BJ the Chicago Kid ft. Chance the Rapper & Buddy – Church

October 15, 2015

It’s Past Jukebox Favorites day! These ones seem to have hit a snag…


[Video][Website]
[5.00]

Iain Mew: One simple concept successfully carried out over a song’s length and three contributors, like watching a perfectly executed team sports move. BJ does the initial work to get them in place, sounding warm, contemplative and genuinely torn. Buddy does the setup with a hint of a twist, “hopefully we can go to heaven… ’cause I’m staying”, not quite clear what heaven he means. There’s the chance, and there’s Chance to emphatically take it, making the sex and drugs sound like a religious experience.
[8]

Thomas Inskeep: Appealingly boom-bap, solid verse from Chance, but I wish BJ had more to say. 
[5]

Micha Cavaseno: BJ the Chicago Kid sounds here like a young Bilal, but unfortunately he remains one of the most struggliest struggle R&Bers; his attempts to sound modern are all cribbed from less self-conscious acts who don’t want to just fit in when they act like goofs, and his more noble attempts at being a real “soulful dude” (© of one Sean “Camel-Face” Carter-Knowles) are flat and listless. Just the mere presence of Buddy’s less explicit and ambiguous bursts or the effortless way Chance has worked towards writing about this theme to such gratifying results here undermine who is supposed to be the important part of the song.
[4]

Alfred Soto: If The Weeknd had written the drugs versus going to church chorus, he would’ve deflected blame to the party girl who wants to distract him from the Lord (and had sex with her afterwards).
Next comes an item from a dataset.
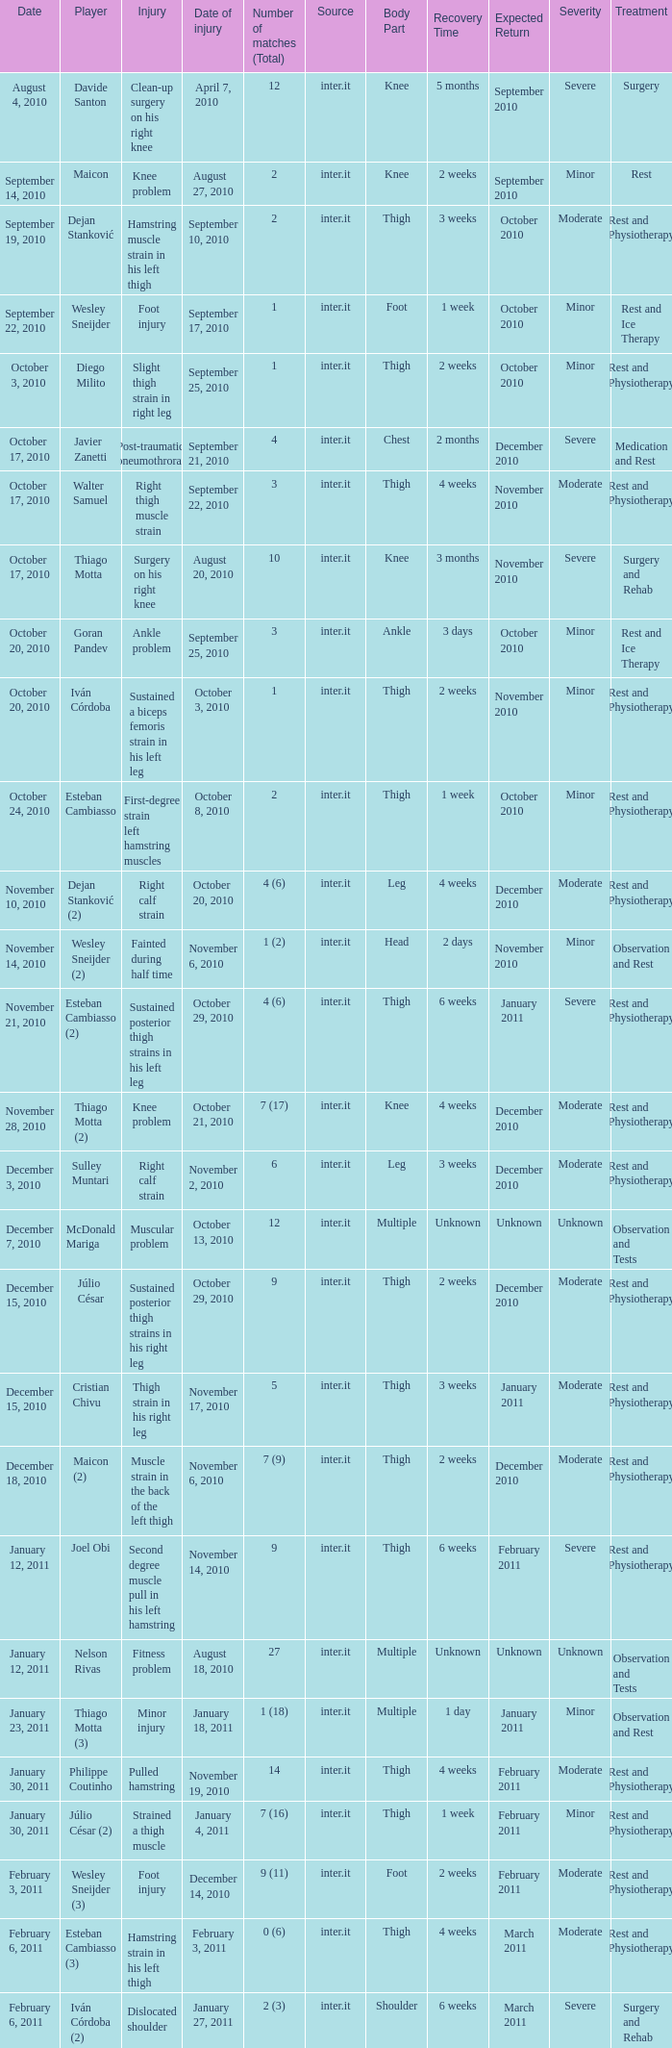What is the date of injury when the injury is sustained posterior thigh strains in his left leg? October 29, 2010. 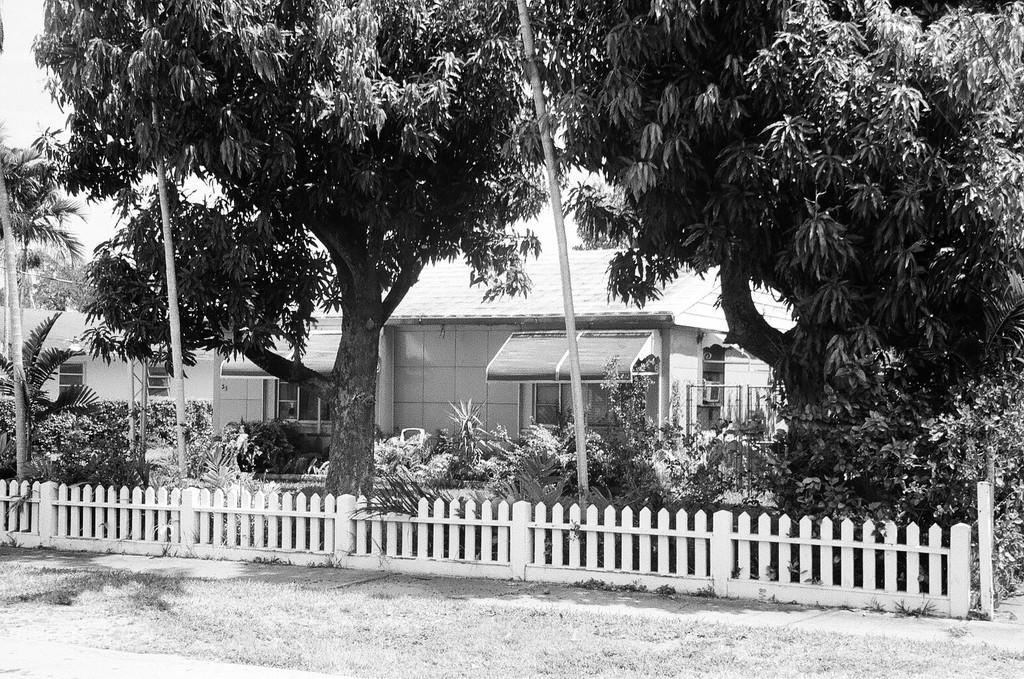What type of natural elements can be seen inside the fence in the image? There are trees inside a fence in the image. What other vegetation is present on the land in the image? There are plants on the land in the image. What type of structure can be seen in the background of the image? There is a building visible in the background of the image. How is the image presented in terms of color? The image is black and white. Can you see your uncle playing with a kitten in the fog in the image? There is no uncle, kitten, or fog present in the image; it is a black and white image featuring trees, plants, and a building.

BJ doesn’t abandon the take-me-to-the-riverisms, but inserting an adverb in the line “hopefully we can go to heaven” at least signals doubt. The track’s still not great: as lethargic as a mediocre preacher delivering a boilerplate sermon, with backwards tapes and click track the only hint of momentum.
[5]

Juana Giaimo: Am I the only one who feels this is incredibly slow? The fakely innocent attitude interested me in the beginning but not even Chance the Rapper could make this song more dynamic. 
[4]

Will Adams: A molasses tempo that gets mired in itself. The few times I’ve been hungover in church do not make me empathize more.